Si intitola “Luna”, esordio per Filippo Gabbi ovvero Gabber per la musica italiana. Lirica rap, tinte di trap, bellissimo pop che si culla dentro una spiritualità che a noi piace sempre ricondurre a quel modo di pensare “rock” che speriamo sempre non cessi mai di muovere le fila delle motivazioni. “Luna” poi è anche sperimentazione e segnaliamo come tutto (o quasi tutto) di questo suono, di questa tessitura e di questi arrangiamenti, tutto sembra venir fuori dalla sua sola mano. Dunque l’artigianato che però, per essere una prima prova, ha davvero alte qualità da giocarsi. Approfondiamo ma soprattutto mettiamo in circolo la title track ed il suo video che troviamo in rete e che, non me ne vogliate, fidatevi se vi dico che poco ha a che fare con il resto del disco. O almeno con le sue parti più interessanti…

Noi parliamo spesso di rock… andiamo oltre al concetto di genere e di stile ma pensiamo più al rock come un certo modo di vivere davvero la musica. E questo disco di Gabber è assai rock… vero?

Sono davvero troppe le ore passate ascoltando Rock e Metal per non avere influenze sulla maggior parte dei miei lavori. Sono ancora oggi i generi che prediligo, ho suonato tanti anni in band che proponevano quei sound e molta di quell’influenza penso e spero sarà sempre parte di me.

Quanto c’è di tuo, di vita personale… quanto c’è di confessato a te stesso che in altra forma non avevi mai fatto prima?

Beh di vita personale c’è tutto. Tutto quello che mi piace, o per lo meno tantissime cose sono racchiuse nel disco e ne ho parlato senza molti filtri. 

Ad esempio in “È Normale” ho messo dei particolari della mia adolescenza che mi imbarazzavano o pensavo non fosse giusto parlarne “davanti a tutti”. Però ho pensato che faccio musica proprio con l’intento di esprimermi e non avrebbe senso trattenermi. Penso che le persone poi si concentrino su ciò che il testo dice a loro più che vedere cosa intendeva nello specifico l’artista.
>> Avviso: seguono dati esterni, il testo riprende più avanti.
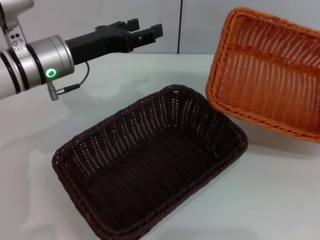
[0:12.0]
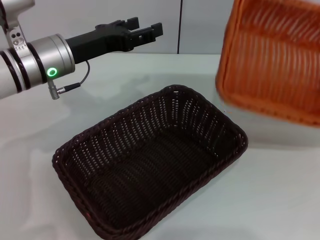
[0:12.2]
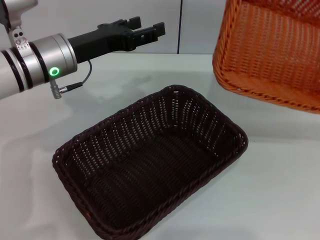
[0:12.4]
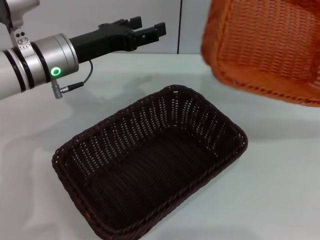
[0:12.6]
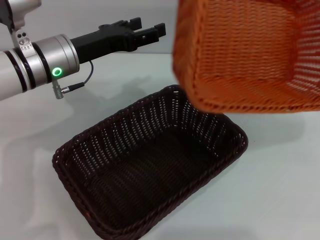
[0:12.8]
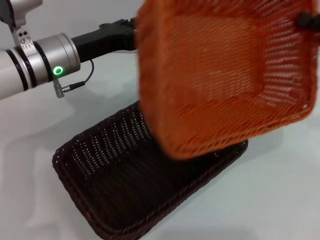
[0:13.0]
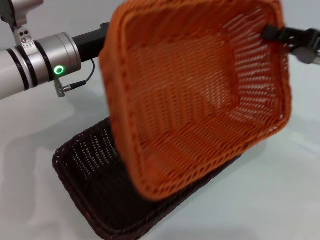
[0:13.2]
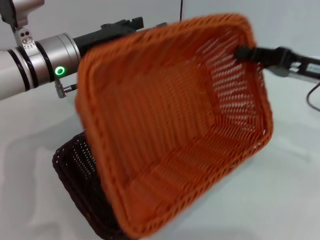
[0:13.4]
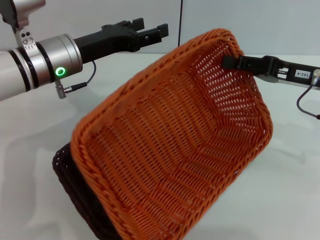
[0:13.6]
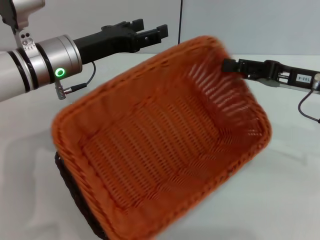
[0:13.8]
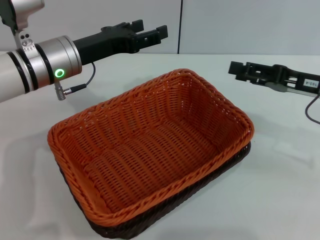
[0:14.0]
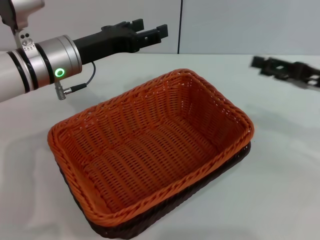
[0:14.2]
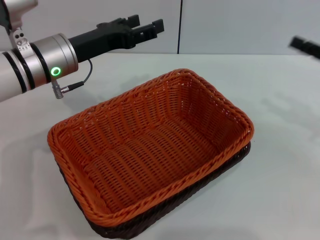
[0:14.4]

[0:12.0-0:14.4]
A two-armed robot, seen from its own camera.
Step, 0:12.0 to 0:13.8: Place the light basket on the dark basket with the right gripper.
0:12.0 to 0:13.2: The right gripper shifts some 15 cm to the left.
0:13.2 to 0:14.4: The right gripper shifts approximately 5 cm to the right, and opens.

Secondo te appunto un disco di un cantautore è più qualcosa che serve a se stessi prima che agli altri?

Ah beh secondo me l’arte dovrebbe essere solo questo, una cosa per se stessi che poi può piacere ed essere condivisa da altri. 

Nel video di “Luna” c’è un teatro che sembra vuoto. Non possiamo dirlo… ma in questo ci viene da pensare. Ha qualche riferimento con il tempo che abbiamo vissuto?

Il Teatro (Fnil Bus Theatre di Praticello, RE) vuoto mentre io canto è il simbolo di qualcosa fatta per se stessi. Insisto su questo punto perché è stato basilare questo concetto per questo disco e per fare musica in generale. È lì che ho trovato la serenità di comporre insieme ai miei migliori risultati.

In molti hanno pensato fosse relativo al periodo di lockdown tuttavia.

A chiusura… un disco prodotto e realizzato da te in prima persona. Quasi tutto almeno… Hai sentito delle mancanze? Hai sento qualche limite tuo personale che oggi ti sei ripromesso di superare?

Ho sentito parecchie mancanze, diciamo che ho spaziato nei campi in cui ero competente che sono ovviamente ridottissimi. Sto cercando di imparare sempre di più, da fare produzione musicale su altre DAW a  studiare altri strumenti come la tastiera o la drum machine. 

Rob the Child mi ha aiutato molto nel mettere in ordine le mie idee, di migliorarle talvolta e di dare coordinazione al tutto. Mi sento distante dal conoscere tutto ciò che vorrei per poter fare musica come voglio al 100% ma continuerò ad impegnarmi e a migliorare.